→ What needs to be done: Copy each line of the material below that includes the string "image".

→ Data to examine:
• • • •

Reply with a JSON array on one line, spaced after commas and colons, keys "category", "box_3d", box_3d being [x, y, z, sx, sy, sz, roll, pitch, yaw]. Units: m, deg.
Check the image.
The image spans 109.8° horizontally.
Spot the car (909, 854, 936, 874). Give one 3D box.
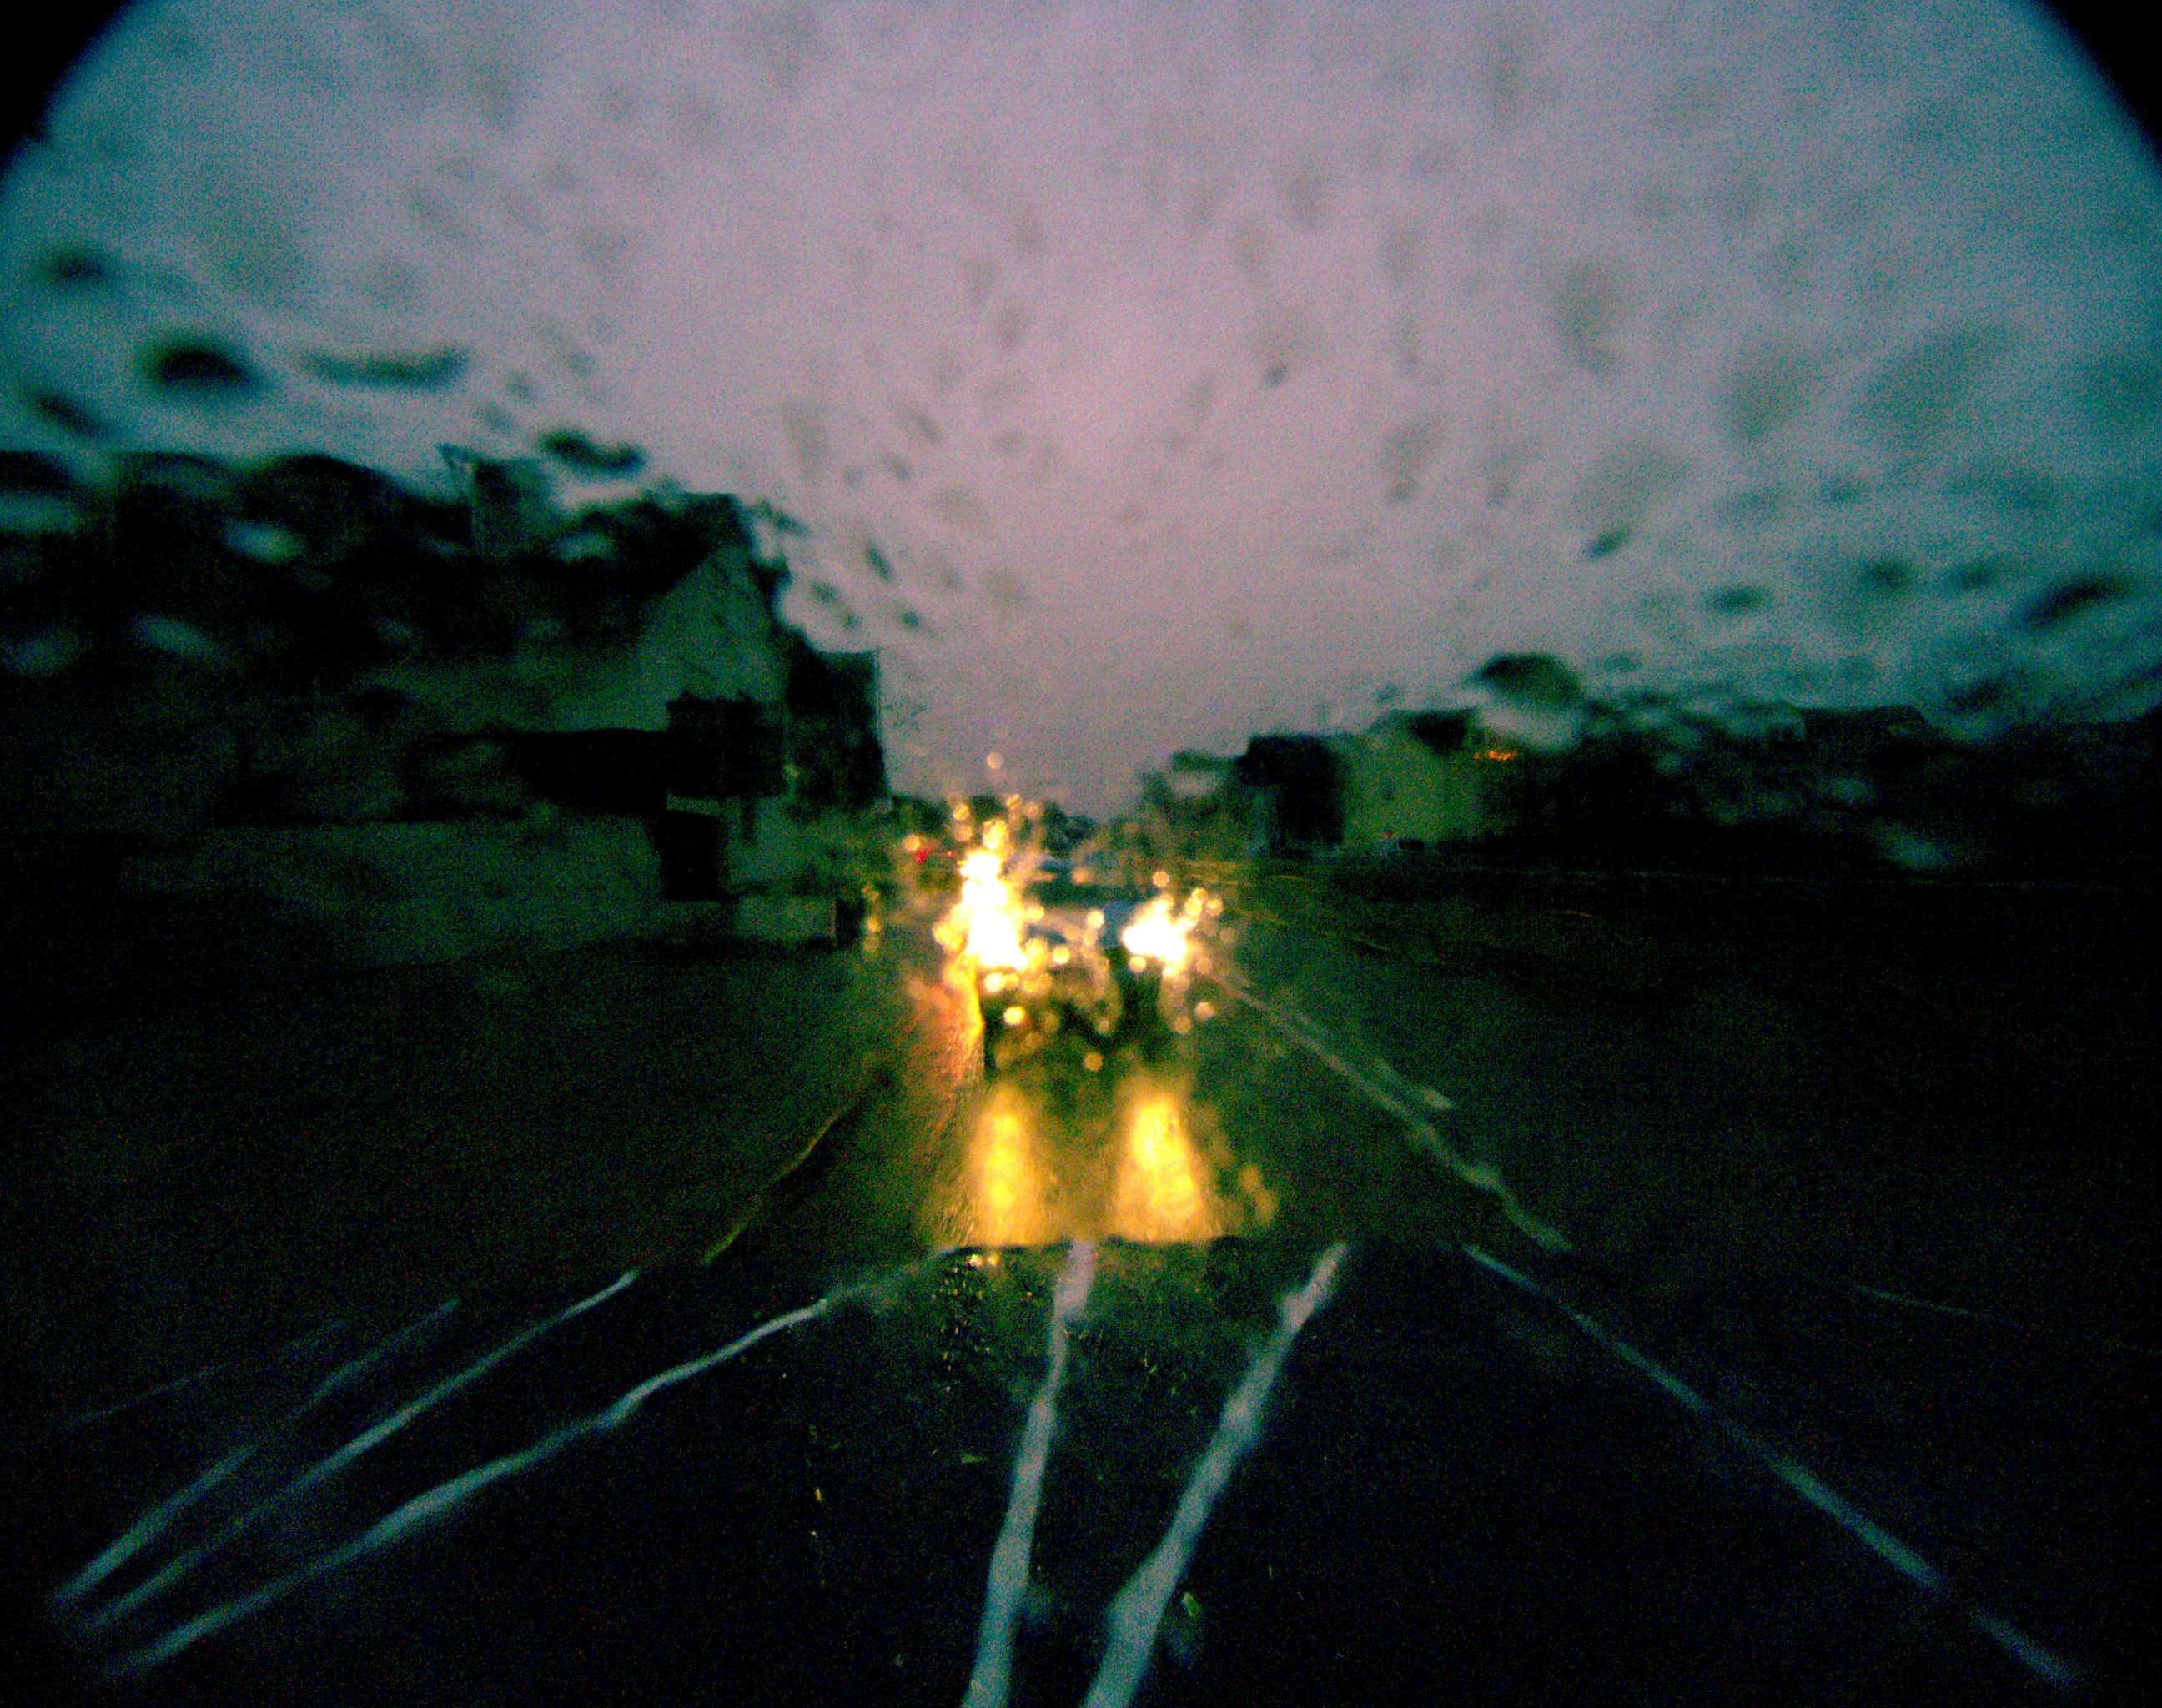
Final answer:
[{"category": "car", "box_3d": [-12.062, 0.716, 57.717, 1.659, 1.446, 4.231, 1, 0, -17]}]

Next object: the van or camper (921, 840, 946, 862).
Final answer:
[{"category": "van or camper", "box_3d": [-18.676, -0.350, 95.993, 2.249, 2.653, 6.544, -1, 0, -18]}]

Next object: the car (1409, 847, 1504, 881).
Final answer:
[{"category": "car", "box_3d": [18.197, 0.476, 37.086, 1.880, 1.563, 4.497, 0, 0, -10]}]

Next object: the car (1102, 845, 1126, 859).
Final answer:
[{"category": "car", "box_3d": [4.106, -0.234, 94.610, 1.823, 1.615, 3.979, -4, 1, -14]}]

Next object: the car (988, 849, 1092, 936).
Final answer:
[{"category": "car", "box_3d": [-1.096, 0.801, 17.594, 1.907, 1.630, 4.563, -4, 0, -8]}]

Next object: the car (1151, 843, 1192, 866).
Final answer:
[{"category": "car", "box_3d": [7.221, 0.001, 61.085, 1.806, 1.793, 3.854, -1, 1, -17]}]

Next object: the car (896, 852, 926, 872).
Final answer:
[{"category": "car", "box_3d": [-15.207, 0.675, 67.915, 1.964, 1.524, 5.000, -4, 2, -19]}]

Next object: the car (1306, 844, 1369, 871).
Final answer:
[{"category": "car", "box_3d": [16.065, 0.219, 47.799, 1.881, 1.589, 4.220, 0, 0, -12]}]

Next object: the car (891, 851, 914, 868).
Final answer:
[{"category": "car", "box_3d": [-17.501, 0.550, 74.373, 1.671, 1.567, 4.489, -1, 1, -19]}]

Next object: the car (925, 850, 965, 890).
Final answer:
[{"category": "car", "box_3d": [-6.502, 0.710, 36.545, 1.775, 1.771, 3.996, 1, 0, -9]}]

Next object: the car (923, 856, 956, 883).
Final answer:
[{"category": "car", "box_3d": [-7.899, 0.856, 42.183, 1.651, 1.407, 2.724, 1, 0, -14]}]

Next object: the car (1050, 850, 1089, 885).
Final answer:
[{"category": "car", "box_3d": [-0.633, 0.627, 38.438, 1.742, 1.643, 3.998, -1, 0, -4]}]

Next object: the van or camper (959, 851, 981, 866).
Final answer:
[{"category": "van or camper", "box_3d": [-10.584, 0.396, 72.432, 1.568, 1.347, 3.417, -1, 0, -16]}]

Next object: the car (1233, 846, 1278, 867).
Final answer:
[{"category": "car", "box_3d": [13.504, 0.139, 59.105, 1.775, 1.515, 4.026, -1, 1, -13]}]

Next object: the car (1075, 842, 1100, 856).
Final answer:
[{"category": "car", "box_3d": [0.873, -0.690, 106.588, 2.001, 1.894, 4.350, -5, 2, -20]}]

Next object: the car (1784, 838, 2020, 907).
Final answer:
[{"category": "car", "box_3d": [20.674, 0.394, 19.382, 1.570, 1.571, 3.817, 0, 1, -10]}]

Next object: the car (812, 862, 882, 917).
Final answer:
[{"category": "car", "box_3d": [-6.856, 0.956, 22.099, 1.772, 1.385, 3.907, 0, 0, -19]}]

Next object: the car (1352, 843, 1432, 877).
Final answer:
[{"category": "car", "box_3d": [17.138, 0.316, 42.155, 1.881, 1.768, 4.496, 0, 0, -12]}]

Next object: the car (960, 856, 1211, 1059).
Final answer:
[{"category": "car", "box_3d": [-0.115, 0.850, 8.280, 1.999, 1.526, 3.998, -3, 0, -5]}]

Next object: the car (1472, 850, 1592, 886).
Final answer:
[{"category": "car", "box_3d": [18.936, 0.560, 32.158, 1.880, 1.425, 4.497, 0, 0, -10]}]

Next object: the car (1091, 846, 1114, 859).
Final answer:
[{"category": "car", "box_3d": [2.834, -0.248, 99.418, 1.903, 1.509, 3.994, -4, 3, -14]}]

• • • •

→ Solution to the exercise:
Check the image.
The image spans 109.8° horizontally.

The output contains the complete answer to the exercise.